Print version ISSN 1413-8670On-line version ISSN 1678-4391

Abstract

MEDEIROS, Marta Inês Cazentini et al. Clinical and microbiological implications of invasive pneumococcal disease in hospitalized patients (1998–2013). Braz J Infect Dis [online]. 2016, vol.20, n.3, pp.242-249. ISSN 1413-8670.  http://dx.doi.org/10.1016/j.bjid.2016.01.011.

Introduction

Infections caused by Streptococcus pneumoniae (pneumococcus) still represent a challenge for health systems around the world.

Objective

The objective of this study was to assess microbiological and clinical aspects in hospitalized patients with invasive pneumococcus disease between 1998 and 2013.

Materials and methods

This was a retrospective study that analyzed the results of pneumococcus identification, serotyping, and susceptibility testing found in the Adolfo Lutz Institute databank. Personal variables, medical history and clinical outcome of patients admitted with invasive pneumococcal disease were analyzed. These were obtained from records of a public teaching hospital – Hospital das Clínicas Faculdade de Medicina Ribeirão Preto.

Results

The sample comprised 332 patients. Patient age ranged from less than one month to 89 years old (mean 20.3 years) and the sample was predominately male.

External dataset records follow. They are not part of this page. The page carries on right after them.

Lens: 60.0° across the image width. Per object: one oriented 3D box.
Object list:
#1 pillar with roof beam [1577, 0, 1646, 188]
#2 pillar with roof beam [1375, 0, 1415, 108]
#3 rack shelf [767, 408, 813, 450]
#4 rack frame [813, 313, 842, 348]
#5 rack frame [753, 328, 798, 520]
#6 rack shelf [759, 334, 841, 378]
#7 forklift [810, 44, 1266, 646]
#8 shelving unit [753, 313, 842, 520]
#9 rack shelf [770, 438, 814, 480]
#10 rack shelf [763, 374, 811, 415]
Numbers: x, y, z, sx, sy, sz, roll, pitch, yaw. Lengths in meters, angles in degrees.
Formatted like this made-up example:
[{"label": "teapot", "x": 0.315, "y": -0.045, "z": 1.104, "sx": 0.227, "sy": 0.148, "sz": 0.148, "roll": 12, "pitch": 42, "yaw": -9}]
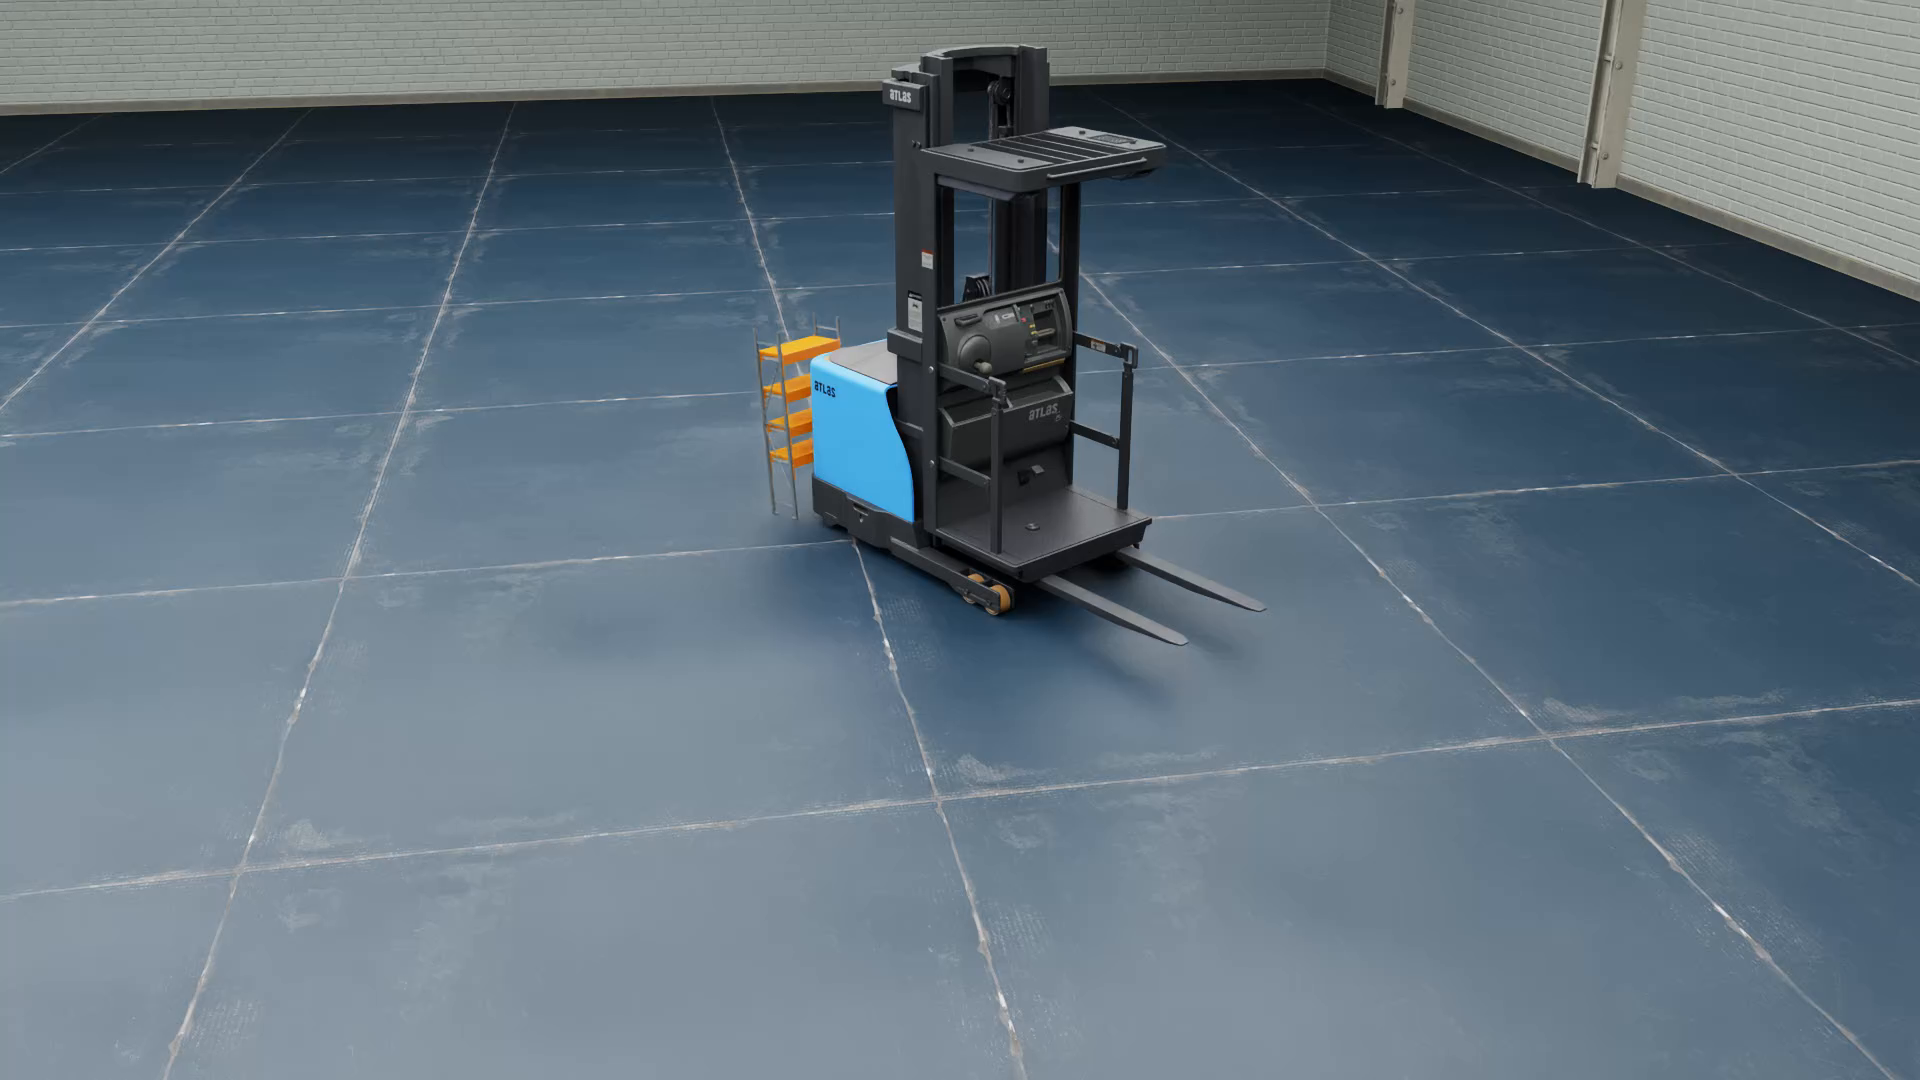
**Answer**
[{"label": "pillar with roof beam", "x": 3.460, "y": -8.098, "z": 17.548, "sx": 9.100, "sy": 9.000, "sz": 0.400, "roll": -4, "pitch": 24, "yaw": -10}, {"label": "pillar with roof beam", "x": 2.350, "y": -10.458, "z": 22.951, "sx": 9.100, "sy": 9.000, "sz": 0.400, "roll": -4, "pitch": 24, "yaw": -10}, {"label": "rack shelf", "x": -0.974, "y": -0.723, "z": 10.548, "sx": 0.258, "sy": 0.148, "sz": 0.480, "roll": 15, "pitch": 28, "yaw": 42}, {"label": "rack frame", "x": -0.809, "y": -0.856, "z": 10.686, "sx": 0.240, "sy": 1.200, "sz": 0.015, "roll": 15, "pitch": 28, "yaw": 42}, {"label": "rack frame", "x": -1.148, "y": -0.716, "z": 10.364, "sx": 0.240, "sy": 1.200, "sz": 0.015, "roll": 15, "pitch": 28, "yaw": 42}, {"label": "rack shelf", "x": -1.002, "y": -1.154, "z": 10.390, "sx": 0.258, "sy": 0.148, "sz": 0.480, "roll": 15, "pitch": 28, "yaw": 42}, {"label": "forklift", "x": 0.404, "y": -1.152, "z": 9.225, "sx": 1.130, "sy": 2.935, "sz": 3.031, "roll": -19, "pitch": 30, "yaw": -36}, {"label": "shelving unit", "x": -0.978, "y": -0.786, "z": 10.525, "sx": 0.258, "sy": 1.200, "sz": 0.503, "roll": 15, "pitch": 28, "yaw": 42}, {"label": "rack shelf", "x": -0.962, "y": -0.537, "z": 10.617, "sx": 0.258, "sy": 0.148, "sz": 0.480, "roll": 15, "pitch": 28, "yaw": 42}, {"label": "rack shelf", "x": -0.988, "y": -0.933, "z": 10.472, "sx": 0.258, "sy": 0.148, "sz": 0.480, "roll": 15, "pitch": 28, "yaw": 42}]

Pneumonia (67.8%) was the most common disease, accounting for 18.2% of deaths. Serotypes 14, 1, 3, 9V, 6B, 6A, 23F, 19A, 18C, 19F, 12F, and 4 were the most common (75.3%). Most patients, or 67.5%, were cured without any complication (success), 6.9% had some type of sequela (failure), and 25.6% died (failure). In the case of deaths due to meningitis, strains of fully penicillin resistant pneumococcus were isolated. Furthermore, 68.2% of patients who died presented some type of comorbidity. The 60 and older age group presented the most significant association (Odds Ratio = 4.2), with outcome failure regardless of the presence of comorbidity. Serotype 18C was the most significant risk factor both in raw analysis (Odds Ratio = 3.8) and when adjusted for comorbidity (Odds Ratio = 5.0) or age (Odds Ratio = 5.4). The same occurred with serotype 12F (respectively, Odds Ratio = 5.1, Odds Ratio = 5.0, and Odds Ratio = 4.7)

Conclusion

The present findings highlight the importance of IPD among young adults and older adults. In the era of conjugate vaccines, monitoring serotypes in different age groups is essential to assess the impact and adequacy of immunization.

Keywords : Streptococcus pneumoniae; Serotypes; Death; Comorbidity.